"The confusion of the modern with the ancient names of places in this volume is absolutely unavoidable; they are, however, mentioned in such a manner, that the reader will soon be accustomed to the indiscriminate use of them. The necessity of applying the ancient appellations to the different routes, will be evident from the total ignorance of the public on the subject of the modern names, which, having never appeared in print, are only known to the few individuals who have visited the country.
"What could appear less intelligible to the reader, or less useful to the traveller, than a route from Chione and Zaracca to Kutchukmadi, from thence by Krabata to Schoenochorio, and by the mills of Peali, while every one is in some degree acquainted with the names of Stymphalus, Nemea, Mycenæ, Lyrceia, Lerna, and Tegea?"
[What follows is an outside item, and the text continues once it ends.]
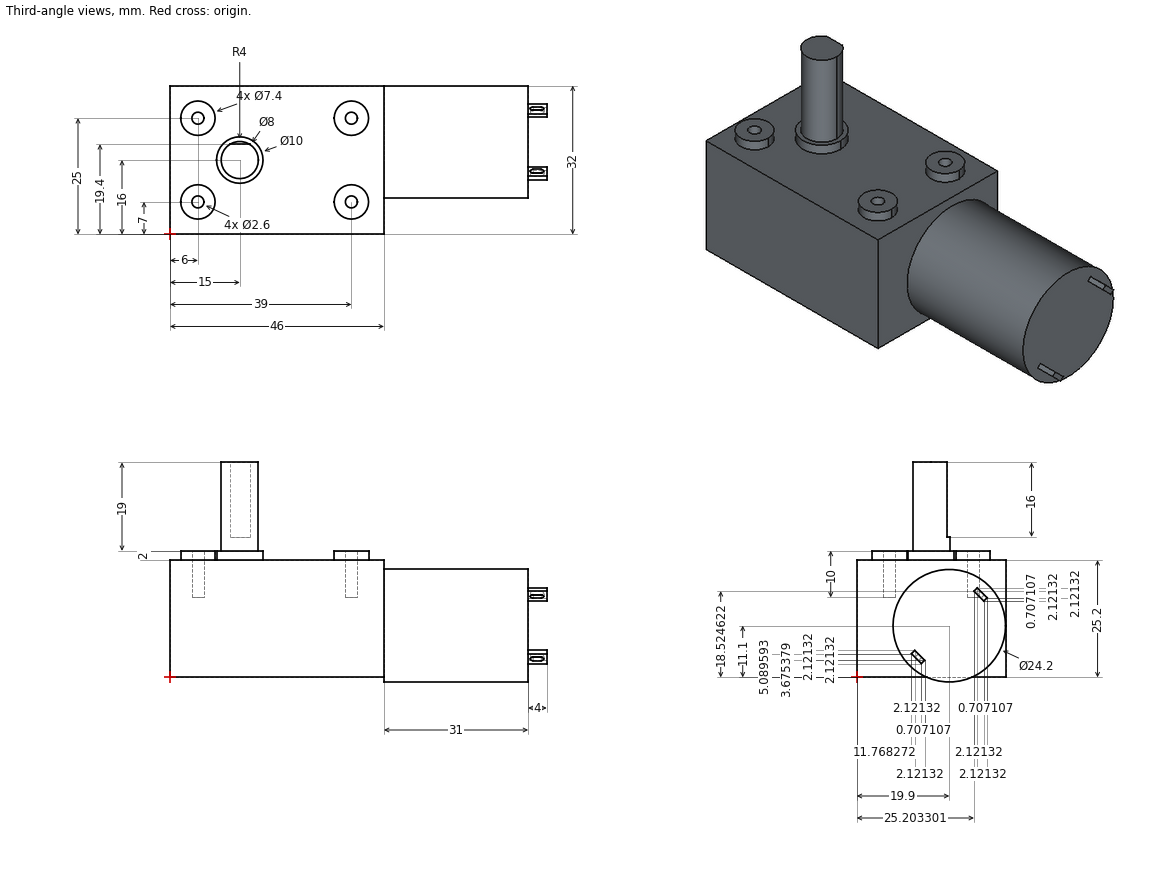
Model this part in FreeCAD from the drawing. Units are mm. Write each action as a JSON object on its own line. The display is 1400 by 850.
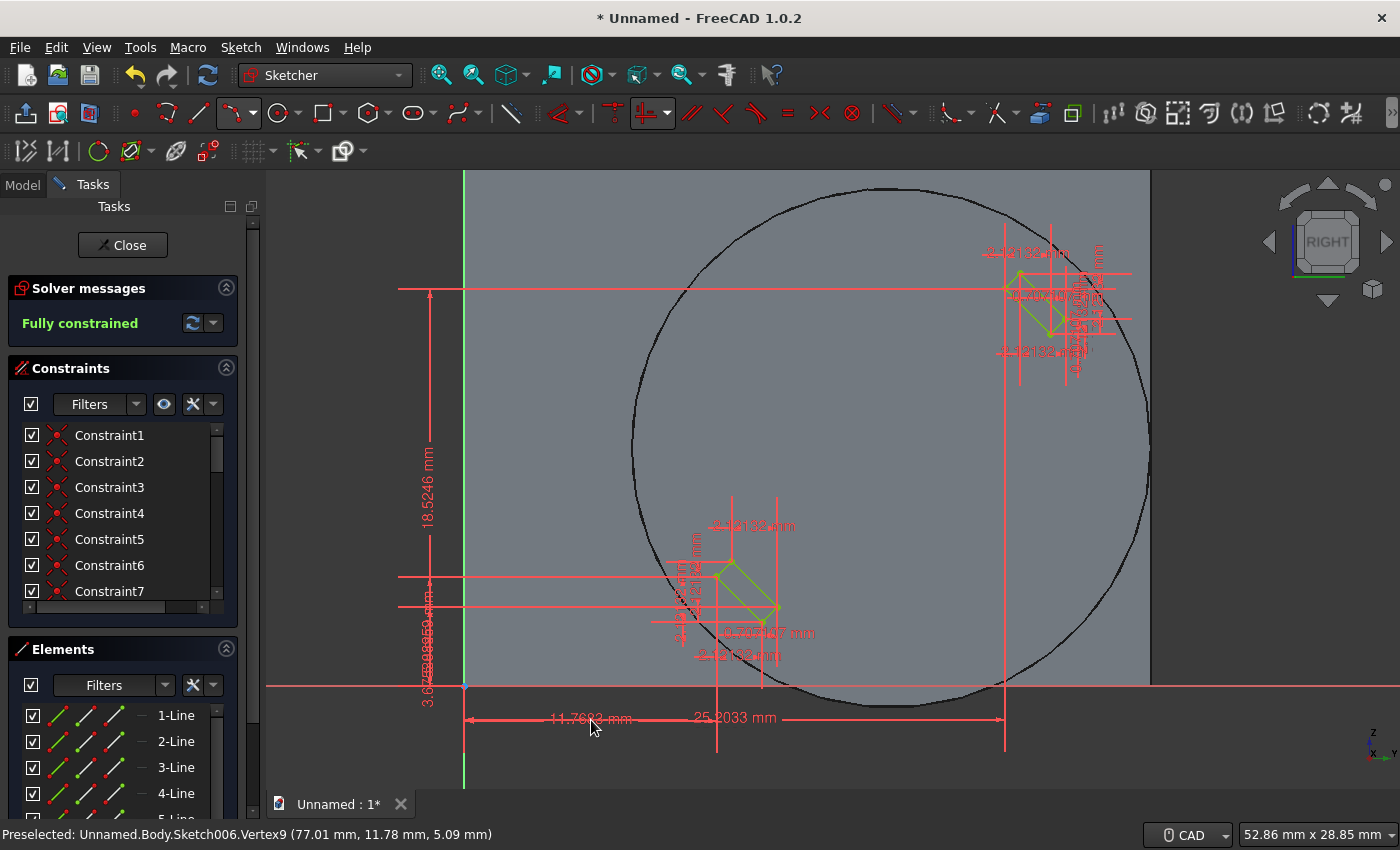
{"action": "left_click", "coordinate": [123, 245]}

Although this may be very true inasmuch as it relates to the reader, yet to the traveller we must observe, in opposition to Mr. Gell, that nothing can be less useful than the designation of his route according to the ancient names. We might as well, and with as much chance of arriving at the place of our destination, talk to a Hounslow post-boy about making haste to

Augusta

, as apply to our Turkish guide in modern Greece for a direction to Stymphalus, Nemea, Mycenæ, etc., etc. This is neither more nor less than classical affectation; and it renders Mr. Gell's book of much more confined use than it would otherwise have been:— but we have some other and more important remarks to make on his general directions to Grecian tourists; and we beg leave to assure our readers that they are derived from travellers who have lately visited Greece. In the first place, Mr. Cell is absolutely incautious enough to recommend an interference on the part of English travellers with the Minister at the Porte, in behalf of the Greeks.

"The folly of such neglect (page 16, preface), in many instances, where the emancipation of a district might often be obtained by the present of a snuff-box or a watch, at Constantinople, and without the smallest danger of exciting the jealousy of such a court as that of Turkey, will be acknowledged when we are no longer able to rectify the error."

We have every reason to believe, on the contrary, that the folly of half a dozen travellers, taking this advice, might bring us into a war. "Never interfere with any thing of the kind," is a much sounder and more political suggestion to all English travellers in Greece.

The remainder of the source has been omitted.